* _DATA TO PROCESS_:
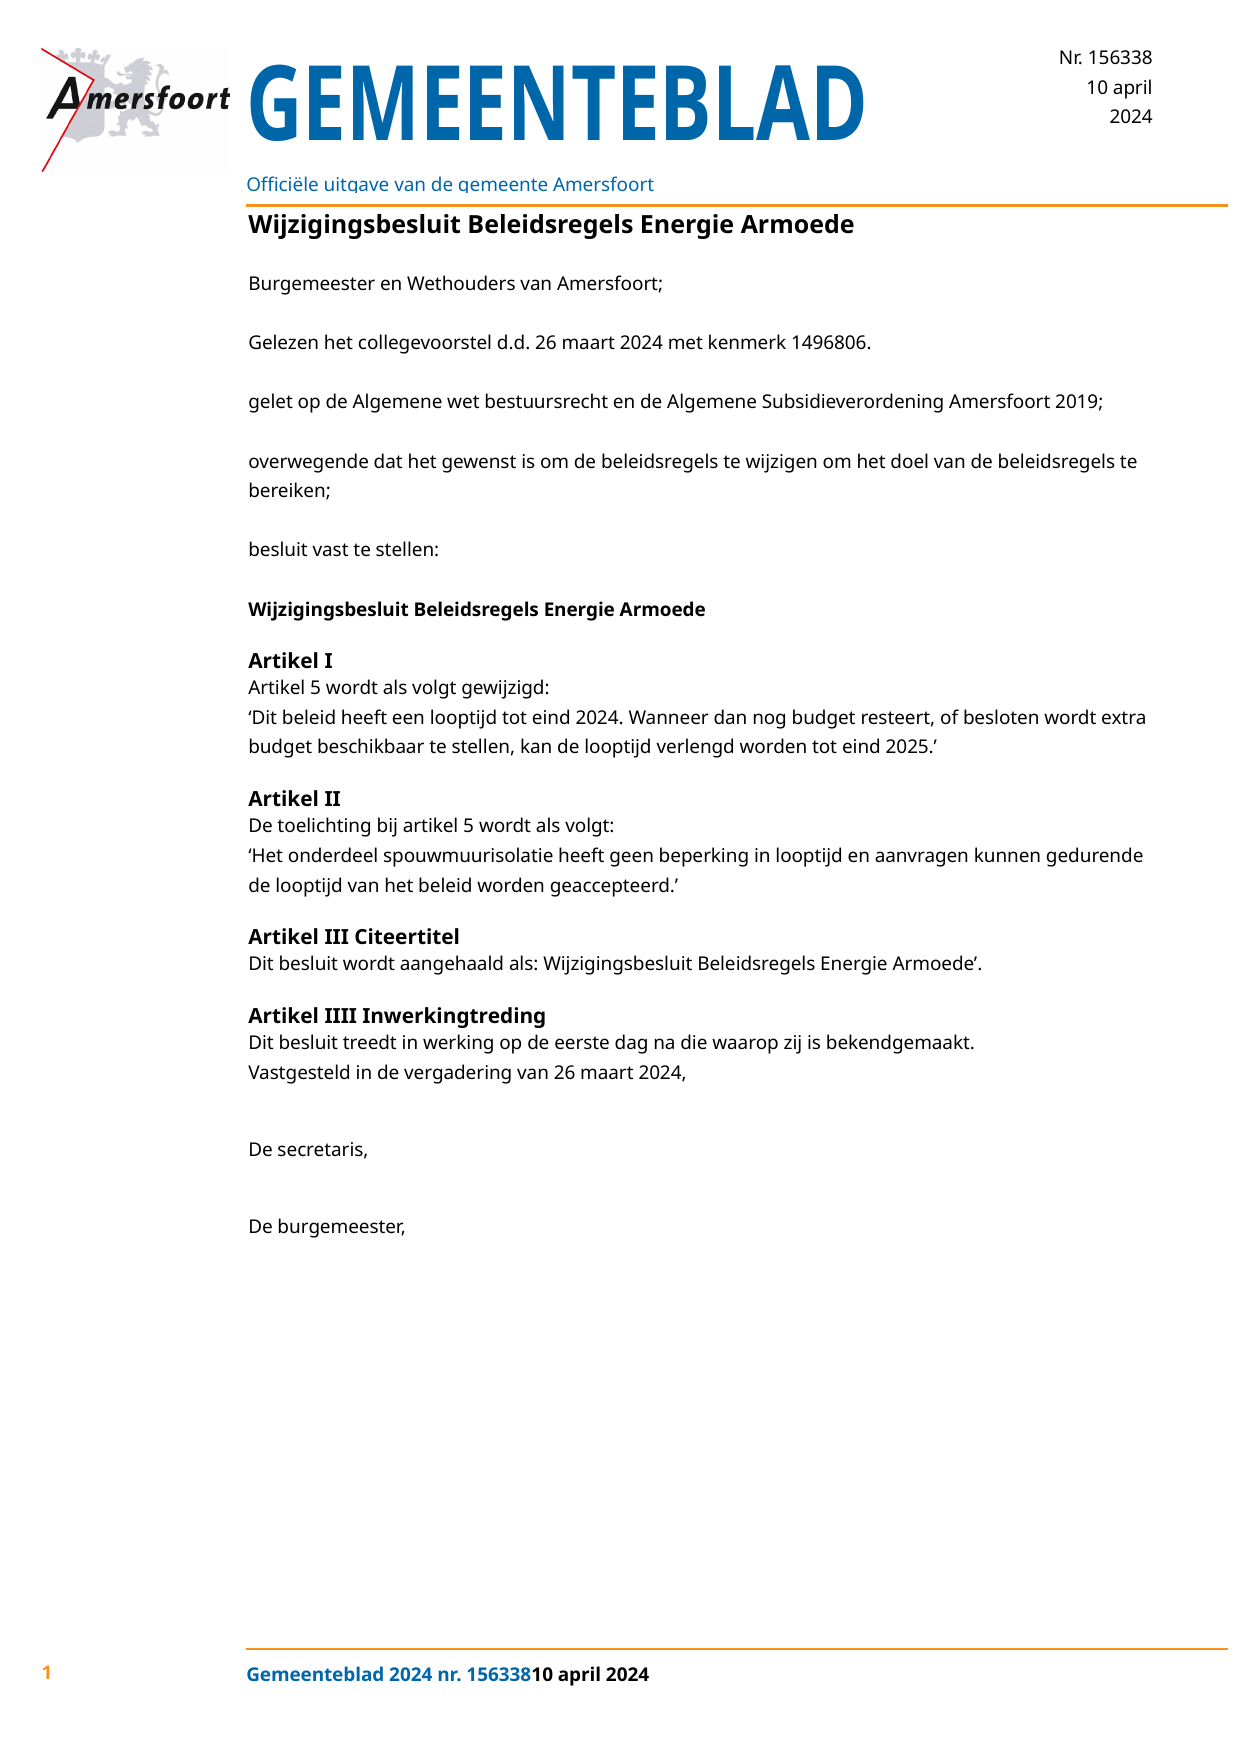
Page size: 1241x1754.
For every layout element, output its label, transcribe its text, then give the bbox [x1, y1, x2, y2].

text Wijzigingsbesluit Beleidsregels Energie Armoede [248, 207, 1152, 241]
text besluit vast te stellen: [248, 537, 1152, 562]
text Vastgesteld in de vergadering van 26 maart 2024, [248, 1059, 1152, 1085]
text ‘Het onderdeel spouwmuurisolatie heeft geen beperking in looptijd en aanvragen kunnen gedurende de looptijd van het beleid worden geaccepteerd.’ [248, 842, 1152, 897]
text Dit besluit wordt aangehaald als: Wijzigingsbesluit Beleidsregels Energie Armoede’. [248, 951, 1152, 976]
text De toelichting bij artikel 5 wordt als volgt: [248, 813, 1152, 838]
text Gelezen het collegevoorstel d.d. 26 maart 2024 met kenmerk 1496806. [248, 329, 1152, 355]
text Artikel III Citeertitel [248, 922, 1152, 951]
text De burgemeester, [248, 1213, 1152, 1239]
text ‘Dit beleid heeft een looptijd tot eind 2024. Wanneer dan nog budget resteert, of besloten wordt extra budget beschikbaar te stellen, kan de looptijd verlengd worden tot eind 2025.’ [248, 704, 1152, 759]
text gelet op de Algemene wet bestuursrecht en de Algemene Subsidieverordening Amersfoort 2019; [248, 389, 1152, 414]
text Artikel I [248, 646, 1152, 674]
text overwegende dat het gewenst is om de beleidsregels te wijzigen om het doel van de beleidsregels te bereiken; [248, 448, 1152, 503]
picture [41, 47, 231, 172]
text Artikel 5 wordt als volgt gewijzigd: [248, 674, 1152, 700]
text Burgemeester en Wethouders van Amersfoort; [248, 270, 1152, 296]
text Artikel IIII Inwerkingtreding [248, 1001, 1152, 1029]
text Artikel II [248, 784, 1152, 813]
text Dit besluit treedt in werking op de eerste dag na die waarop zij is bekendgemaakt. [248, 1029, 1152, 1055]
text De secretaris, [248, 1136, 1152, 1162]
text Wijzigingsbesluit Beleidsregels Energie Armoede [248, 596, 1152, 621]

* _EXERCISE_:
Filter the records, keeping only lines that contain "wordt", and show those lines.

* _SOLUTION TO THIS PROBLEM_:
text Dit besluit wordt aangehaald als: Wijzigingsbesluit Beleidsregels Energie Armoede’. [248, 951, 1152, 976]
text De toelichting bij artikel 5 wordt als volgt: [248, 813, 1152, 838]
text ‘Dit beleid heeft een looptijd tot eind 2024. Wanneer dan nog budget resteert, of besloten wordt extra budget beschikbaar te stellen, kan de looptijd verlengd worden tot eind 2025.’ [248, 704, 1152, 759]
text Artikel 5 wordt als volgt gewijzigd: [248, 674, 1152, 700]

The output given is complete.